Spatial organization and division of labour in the bumblebee Bombus impatiens

Jennifer M. Jandt, Anna Dornhaus

Research output: Contribution to journalArticlepeer-review

123 Scopus citations


Individuals in many types of animal groups show both reproductive and task-related division of labour. In some social insect species, such division of labour may be related to the spatial organization of workers inside the nest.
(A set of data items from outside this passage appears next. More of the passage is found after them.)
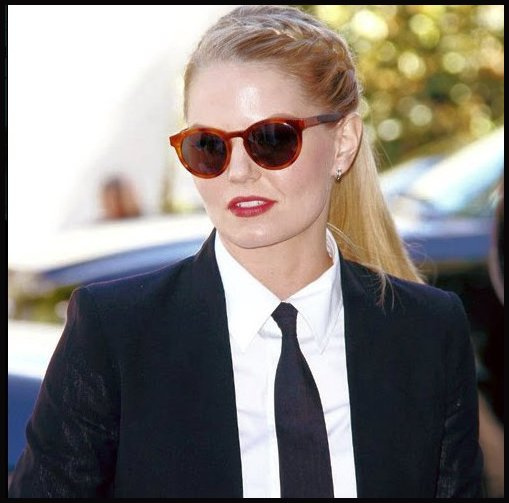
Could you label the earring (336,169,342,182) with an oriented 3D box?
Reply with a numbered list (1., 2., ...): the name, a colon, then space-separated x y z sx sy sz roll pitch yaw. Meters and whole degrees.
1. earring: 0.392 -0.342 3.915 0.014 0.047 0.031 6 1 -43
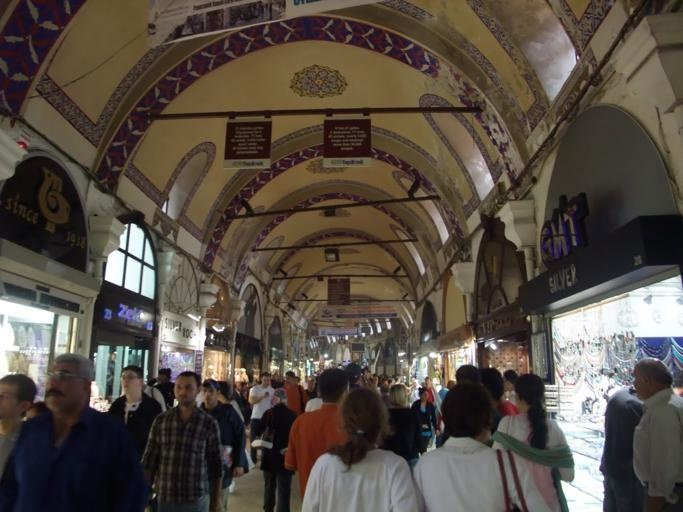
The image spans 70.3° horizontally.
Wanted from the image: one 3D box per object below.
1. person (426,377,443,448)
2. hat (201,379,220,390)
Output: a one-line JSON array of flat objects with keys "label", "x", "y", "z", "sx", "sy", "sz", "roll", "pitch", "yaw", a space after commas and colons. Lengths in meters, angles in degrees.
[{"label": "person", "x": 1.712, "y": 2.712, "z": 8.695, "sx": 0.373, "sy": 1.358, "sz": 0.416, "roll": -4, "pitch": -57, "yaw": 16}, {"label": "hat", "x": -1.467, "y": 1.463, "z": 5.454, "sx": 0.122, "sy": 0.113, "sz": 0.134, "roll": 6, "pitch": -19, "yaw": -5}]

We examined colonies of bumblebees and found that (1) 11-13% of workers maintained small spatial fidelity zones inside the nest, and all workers tended to remain at a specific distance from the colony centre independent of their age; (2) smaller individuals maintained smaller spatial zones and tended to be closer to the centre; and (3) individuals that were more likely to perform the in-nest task of larval feeding tended to remain in the centre of the nest, whereas foragers were more often found on the periphery of the nest when not foraging. Individuals that performed other tasks did not maintain a predictable distance to the centre, and there was no evidence that spatial preferences changed over time. Instead, spatial patterns may result from inherent differences between individuals in terms of activity level, and may be a self-organized sorting mechanism that influences division of labour among workers.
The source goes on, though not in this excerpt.